PipinwasAuntieMabelsdog · 24/07/2022 10:45

Just in the kitchen carrying things from the pantry and trying to do something else, anyway I dropped everything... and this little voice says 'For pity's sake! That's why we do things one at a time, who's going to have to clean that up? Me, that's who!'

She obviously pays more attention to what I say than I thought...

OP posts:
QuestionableMouse · 24/07/2022 13:32

Took my nephews to the railway museum at York. Sitting in the cafe having a cuppa. Littlest nephew, who was three at the time, sipped his tea (which I'd checked and was a fine temp), splutters a bit and then exclaims in a very loud voice. "Watch out, auntie. This tea is fucking hot!"

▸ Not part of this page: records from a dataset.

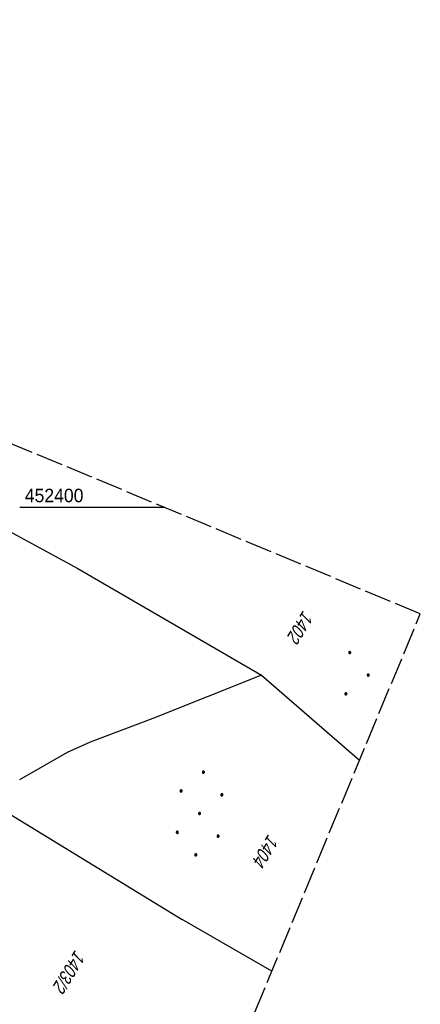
# Model space of a CAD drawing. Extents: x 508338 to 508887, y 451697 to 452490.
# Tile 37 of 37: x 508813 to 508887, y 452308 to 452490. Entities that reach past the tile are written whole.
import ezdxf

# ---------------------------------------------------------------- set-up
doc = ezdxf.new("R2010")
doc.units = 0
doc.header["$LTSCALE"] = 10
doc.header["$MEASUREMENT"] = 0
doc.linetypes.add('LT00', pattern=[0])
doc.linetypes.add('LT14', pattern=[0.6, 0.5, -0.1])
doc.layers.add('-BLATT_120-RAND', color=7, linetype='LT14', plot=False)
for name, color, linetype in [('DFK_FLUR_NR', 250, 'LT00'), ('DFK_KATASTER', 250, 'LT00'), ('DFK_NUTZUNG', 250, 'LT00'), ('V120_RASTER', 250, 'LT00')]:
    doc.layers.add(name, color=color, linetype=linetype)
doc.styles.get("Standard").update_dxf_attribs({"font": 'ARIAL.TTF'})

# ---------------------------------------------------------------- blocks, each defined once
blk = doc.blocks.new('Ackerland7')
at = {"layer": 'DFK_NUTZUNG', "color": 0, "linetype": 'ByBlock'}
for p, q in [((-4, 3.93), (-4, 3.67)), ((-3.95, 3.63), (-3.95, 3.97)), ((-3.9, 3.99), (-3.9, 3.61)), ((-3.85, 3.6), (-3.85, 4)), ((-3.8, 3.99), (-3.8, 3.61)), ((-3.75, 3.63), (-3.75, 3.97)), ((-3.7, 3.93), (-3.7, 3.67)), ((-3.65, 3.8), (-3.65, 3.8)), ((3.7, 3.93), (3.7, 3.67)), ((3.75, 3.63), (3.75, 3.97)), ((3.8, 3.99), (3.8, 3.61)), ((3.85, 3.6), (3.85, 4)), ((3.9, 3.99), (3.9, 3.61)), ((3.95, 3.63), (3.95, 3.97)), ((4, 3.93), (4, 3.67)), ((4.05, 3.8), (4.05, 3.8)), ((-7.85, 0.13), (-7.85, -0.13)), ((-7.8, -0.17), (-7.8, 0.17)), ((-7.75, 0.19), (-7.75, -0.19)), ((-7.7, -0.2), (-7.7, 0.2)), ((-7.65, 0.19), (-7.65, -0.19)), ((-7.6, -0.17), (-7.6, 0.17)), ((-7.55, 0.13), (-7.55, -0.13)), ((-7.5, 0), (-7.5, 0)), ((-0.15, 0.13), (-0.15, -0.13)), ((-0.1, -0.17), (-0.1, 0.17)), ((-0.05, 0.19), (-0.05, -0.19)), ((0, -0.2), (0, 0.2)), ((0.05, 0.19), (0.05, -0.19)), ((0.1, -0.17), (0.1, 0.17)), ((0.15, 0.13), (0.15, -0.13)), ((0.2, 0), (0.2, 0)), ((7.55, 0.13), (7.55, -0.13)), ((7.6, -0.17), (7.6, 0.17)), ((7.65, 0.19), (7.65, -0.19)), ((7.7, -0.2), (7.7, 0.2)), ((7.75, 0.19), (7.75, -0.19)), ((7.8, -0.17), (7.8, 0.17)), ((7.85, 0.13), (7.85, -0.13)), ((7.9, 0), (7.9, 0)), ((-3.95, -3.97), (-3.95, -3.63)), ((-3.9, -3.61), (-3.9, -3.99)), ((-3.85, -4), (-3.85, -3.6)), ((-3.8, -3.61), (-3.8, -3.99)), ((-3.75, -3.97), (-3.75, -3.63)), ((3.75, -3.97), (3.75, -3.63)), ((3.8, -3.61), (3.8, -3.99)), ((3.85, -4), (3.85, -3.6)), ((3.9, -3.61), (3.9, -3.99)), ((3.95, -3.97), (3.95, -3.63)), ((-4, -3.67), (-4, -3.93)), ((-3.7, -3.67), (-3.7, -3.93)), ((-3.65, -3.8), (-3.65, -3.8)), ((3.7, -3.67), (3.7, -3.93)), ((4, -3.67), (4, -3.93)), ((4.05, -3.8), (4.05, -3.8))]:
    blk.add_line(p, q, dxfattribs=at)
for points in [[(-3.65, 3.8), (-3.67, 3.89), (-3.73, 3.96), (-3.81, 3.99), (-3.89, 3.99), (-3.97, 3.96), (-4.03, 3.89), (-4.05, 3.8), (-4.03, 3.71), (-3.97, 3.64), (-3.89, 3.6), (-3.81, 3.6), (-3.73, 3.64), (-3.67, 3.71), (-3.65, 3.8)], [(4.05, 3.8), (4.03, 3.89), (3.97, 3.96), (3.89, 3.99), (3.81, 3.99), (3.73, 3.96), (3.67, 3.89), (3.65, 3.8), (3.67, 3.71), (3.73, 3.64), (3.81, 3.61), (3.89, 3.61), (3.97, 3.64), (4.03, 3.71), (4.05, 3.8)], [(-7.5, 0), (-7.52, 0.09), (-7.58, 0.16), (-7.66, 0.19), (-7.74, 0.19), (-7.82, 0.16), (-7.88, 0.09), (-7.9, 0)], [(0.2, 0), (0.18, 0.09), (0.12, 0.16), (0.04, 0.19), (-0.04, 0.19), (-0.12, 0.16), (-0.18, 0.09), (-0.2, 0)], [(-0.2, 0), (-0.18, -0.09), (-0.12, -0.16), (-0.04, -0.19), (0.04, -0.19), (0.12, -0.16), (0.18, -0.09), (0.2, 0)], [(7.9, 0), (7.88, 0.09), (7.82, 0.16), (7.74, 0.19), (7.66, 0.19), (7.58, 0.16), (7.52, 0.09), (7.5, 0)], [(7.5, 0), (7.52, -0.09), (7.58, -0.16), (7.66, -0.19), (7.74, -0.19), (7.82, -0.16), (7.88, -0.09), (7.9, 0)], [(-7.9, 0), (-7.88, -0.09), (-7.82, -0.16), (-7.74, -0.19), (-7.66, -0.19), (-7.58, -0.16), (-7.52, -0.09), (-7.5, 0)], [(-3.65, -3.8), (-3.67, -3.71), (-3.73, -3.64), (-3.81, -3.61), (-3.89, -3.61), (-3.97, -3.64), (-4.03, -3.71), (-4.05, -3.8), (-4.03, -3.89), (-3.97, -3.96), (-3.89, -3.99), (-3.81, -3.99), (-3.73, -3.96), (-3.67, -3.89), (-3.65, -3.8)], [(4.05, -3.8), (4.03, -3.71), (3.97, -3.64), (3.89, -3.61), (3.81, -3.61), (3.73, -3.64), (3.67, -3.71), (3.65, -3.8), (3.67, -3.89), (3.73, -3.96), (3.81, -3.99), (3.89, -3.99), (3.97, -3.96), (4.03, -3.89), (4.05, -3.8)]]:
    blk.add_lwpolyline(points, dxfattribs=at)
blk = doc.blocks.new('Ackerland3')
at = {"layer": 'DFK_NUTZUNG', "color": 0, "linetype": 'ByBlock'}
for p, q in [((-0.15, 2.66), (-0.15, 2.4)), ((-0.1, 2.36), (-0.1, 2.7)), ((-0.05, 2.72), (-0.05, 2.34)), ((0, 2.33), (0, 2.73)), ((0.05, 2.72), (0.05, 2.34)), ((0.1, 2.36), (0.1, 2.7)), ((0.15, 2.66), (0.15, 2.4)), ((0.2, 2.53), (0.2, 2.53)), ((-4, -1.14), (-4, -1.4)), ((-3.95, -1.44), (-3.95, -1.1)), ((-3.9, -1.07), (-3.9, -1.46)), ((-3.85, -1.46), (-3.85, -1.07)), ((-3.8, -1.07), (-3.8, -1.46)), ((-3.75, -1.44), (-3.75, -1.1)), ((-3.7, -1.14), (-3.7, -1.4)), ((-3.65, -1.27), (-3.65, -1.26)), ((3.7, -1.14), (3.7, -1.4)), ((3.75, -1.44), (3.75, -1.1)), ((3.8, -1.07), (3.8, -1.46)), ((3.85, -1.46), (3.85, -1.07)), ((3.9, -1.07), (3.9, -1.46)), ((3.95, -1.44), (3.95, -1.1)), ((4, -1.14), (4, -1.4)), ((4.05, -1.27), (4.05, -1.26))]:
    blk.add_line(p, q, dxfattribs=at)
for points in [[(0.2, 2.53), (0.18, 2.62), (0.12, 2.69), (0.04, 2.73), (-0.04, 2.73), (-0.12, 2.69), (-0.18, 2.62), (-0.2, 2.53), (-0.18, 2.45), (-0.12, 2.38), (-0.04, 2.34), (0.04, 2.34), (0.12, 2.38), (0.18, 2.45), (0.2, 2.53)], [(-3.65, -1.27), (-3.67, -1.18), (-3.73, -1.11), (-3.81, -1.07), (-3.89, -1.07), (-3.97, -1.11), (-4.03, -1.18), (-4.05, -1.27)], [(-4.05, -1.27), (-4.03, -1.35), (-3.97, -1.42), (-3.89, -1.46), (-3.81, -1.46), (-3.73, -1.42), (-3.67, -1.35), (-3.65, -1.27)], [(4.05, -1.27), (4.03, -1.18), (3.97, -1.11), (3.89, -1.07), (3.81, -1.07), (3.73, -1.11), (3.67, -1.18), (3.65, -1.27)], [(3.65, -1.27), (3.67, -1.35), (3.73, -1.42), (3.81, -1.46), (3.89, -1.46), (3.97, -1.42), (4.03, -1.35), (4.05, -1.27)]]:
    blk.add_lwpolyline(points, dxfattribs=at)

msp = doc.modelspace()

# ---------------------------------------------------------------- linework, layer by layer
at = {"layer": '-BLATT_120-RAND'}
msp.add_lwpolyline([(508622.09, 452490.47), (508338.04, 451807.15), (508603.06, 451696.99), (508887.1, 452380.3), (508622.09, 452490.47)], dxfattribs=at)
at = {"layer": 'DFK_KATASTER'}
for p, q in [((508796.85, 452403.23), (508823.52, 452388.69)), ((508823.52, 452388.69), (508857.62, 452368.91)), ((508857.62, 452368.91), (508837.46, 452360.9)), ((508857.62, 452368.91), (508875.81, 452353.15)), ((508837.46, 452360.9), (508825.82, 452356.54)), ((508825.82, 452356.54), (508821.57, 452354.58)), ((508821.57, 452354.58), (508812.71, 452349.56)), ((508803.29, 452347.83), (508842.88, 452323.62)), ((508803.29, 452347.83), (508842.88, 452323.62)), ((508859.57, 452314.08), (508842.88, 452323.62))]:
    msp.add_line(p, q, dxfattribs=at)
at = {"layer": 'V120_RASTER'}
msp.add_line((508839.72, 452400), (508812.8, 452400), dxfattribs=at)

# ---------------------------------------------------------------- block references
at = {"layer": 'DFK_NUTZUNG'}
for name, p, rotation in [('Ackerland3', (508874.91, 452369.18), 264.7376999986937), ('Ackerland7', (508846.14, 452343.28), 264.7376999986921)]:
    msp.add_blockref(name, p, dxfattribs=dict(at, rotation=rotation))

# ---------------------------------------------------------------- texts
at = {"layer": 'DFK_FLUR_NR', "oblique": 13.754, "width": 0.75}
for s, p in [('1402', (508865.37, 452381.07)), ('1404', (508858.91, 452339.58)), ('1403/2', (508823.06, 452318.12))]:
    msp.add_text(s, height=2.5, rotation=238.2858, dxfattribs=at).set_placement(p)
at = {"layer": 'V120_RASTER', "width": 0.934}
msp.add_text(' 452400', height=2.5, rotation=0.0003, dxfattribs=at).set_placement((508812.8, 452401))

doc.saveas('drawing.dxf')

I wanted the ground to swallow me. I swear, every head turned towards us 😬

PinkButtercups · 24/07/2022 13:40

My just turned 3 year old DS whenever he nearly falls or trips says 'I should be careful!' 🤣.

The best one last week was he watched me clean and pick his toys up in his room. Toys all picked up then he pulled his car basket out again. Walked off, stood in the doorway and proceeded to tell me 'I have a messy room Mummy, can you tidy it up please?' I made him pick the toys up that time 🤣.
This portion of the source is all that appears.